Thu 7 Aug 2008
In a front page article by the San Francisco Chronicle , they describe a report by the CDC, that reveals what we in Emergency Medicine know all too well. We have become the primary care providers of the community. To quote the article:
"The likely cause is there are just fewer and fewer primary care physicians," he said. "If you were to get the flu and your doctor says, 'Sure, I'll see you in two weeks,' you may not be able to wait. It's hard for even insured people to get quick appointments and be seen quickly."
The study over 10 years from 1996 to 2006, reveals that the number of uninsured has increased by 5 million in that 10 year time frame, while the number of ED visits has increased by 32% from 90 million to 119 million visits. At the same time the number of emergency departments that have closed dropped by nearly 5%. This puts added pressure on existing emergency departments and hospital systems. I would add that those closings also do not necessarily mean more money for hospitals as most hospitals are losing money on nearly every ED visit or admission.
To quote Dr. Billy Mallon, current California ACEP Chapter president:
""The main problem with ER overcrowding is I can't get the admitting patients out. I can't get them to the ICU, to the operating room or to the wards," Mallon said.
He said people who lack access to other care options contribute more to overcrowding than patients who rush to the emergency room in nonemergency situations. "
Ahhh, finally what I have been saying all along. The Obama, McCain camps and all these other state universal health care plans that are being tried have it wrong. It is not about being insured, it is about having access to care. Insured patients cannot get access to their primary care doctor or their orthopedist or their dermatologist or their gynecologist so they are going to where they know they can get the care they need....the country's emergency departments.
So how can this be solved?
The primary care specialties need incentives to attract students. Why would a medical student select internal medicine, family practice or pediatrics, put in long hours and hardly make a living , when they can be in a surgical specialty that may pay them 400-500% more and have a better lifestyle. With the aging population the demand on ED's and hospital admissions will increase, so while it is easy to say we need to cut Medicare programs now, we will pay the price in the future.
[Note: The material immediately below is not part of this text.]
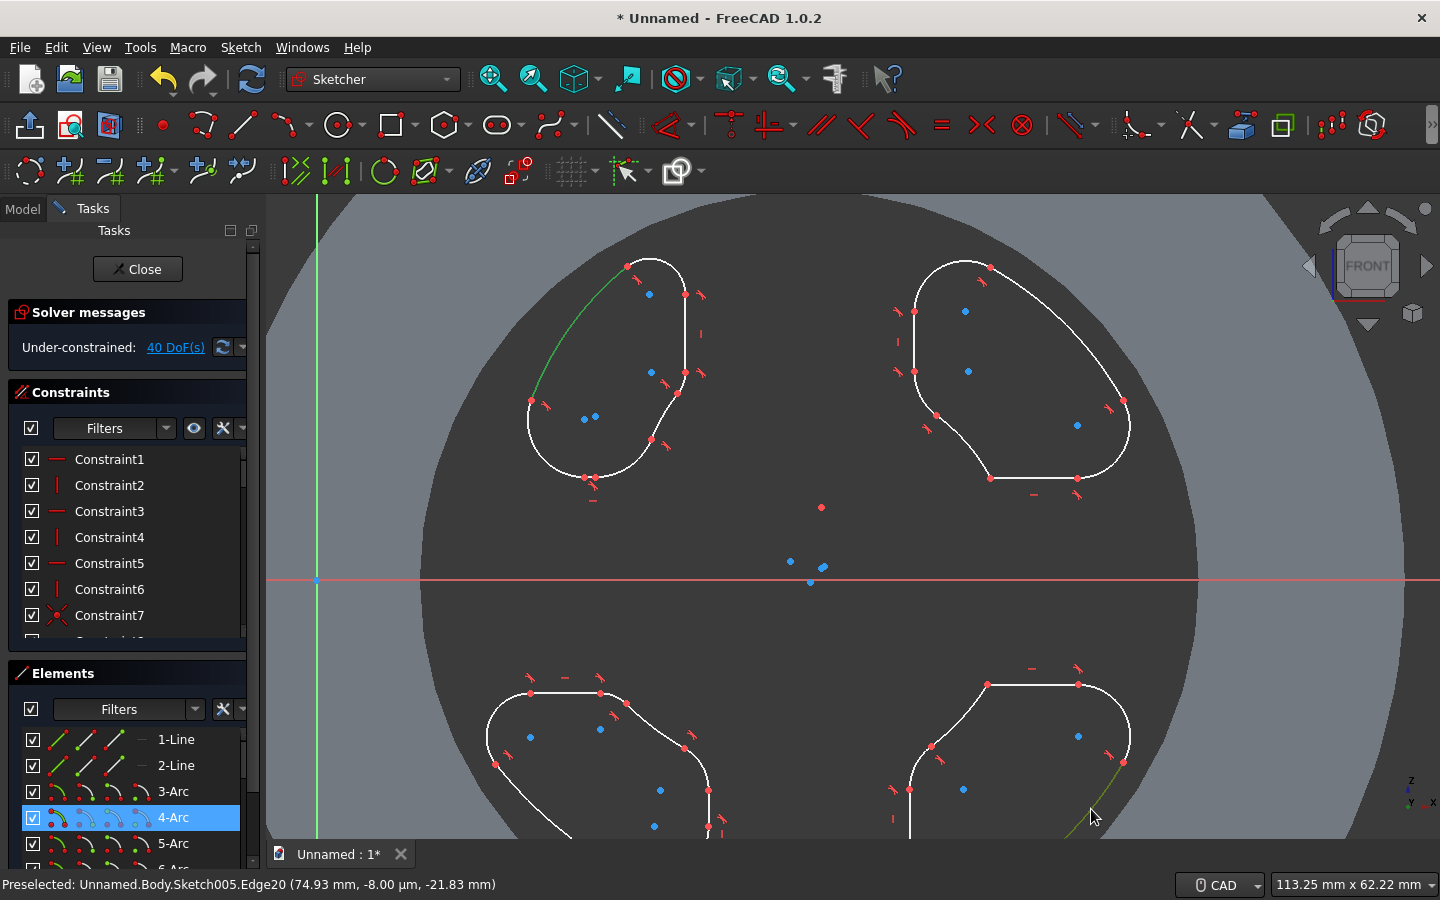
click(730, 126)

Hospitals need more dollars to have capital expansion projects in areas of need. What will Atlanta do if Grady hospital closes? Will everyone move out of Atlanta?
The state of our health care system is a shambles, to say the least. I would say it is a "crisis". In as little as 5 years time, I predict the system will completely collapse, meaning every ED and every hospital will be beyond capacity everyday, not just a couple days per week as it is now. The next presidential administration and congress needs to grab the bull by the horns, and get it fixed or what will develop is a system of the haves and have nots. Smart industrious healthcare administrators will start cash only hospitals and clinics that those that can afford will go to primarily and the rest will suffer in s system with little access and poor quality care. ( I won't even mention what could happen if there is a major terrorist event or natural disaster.)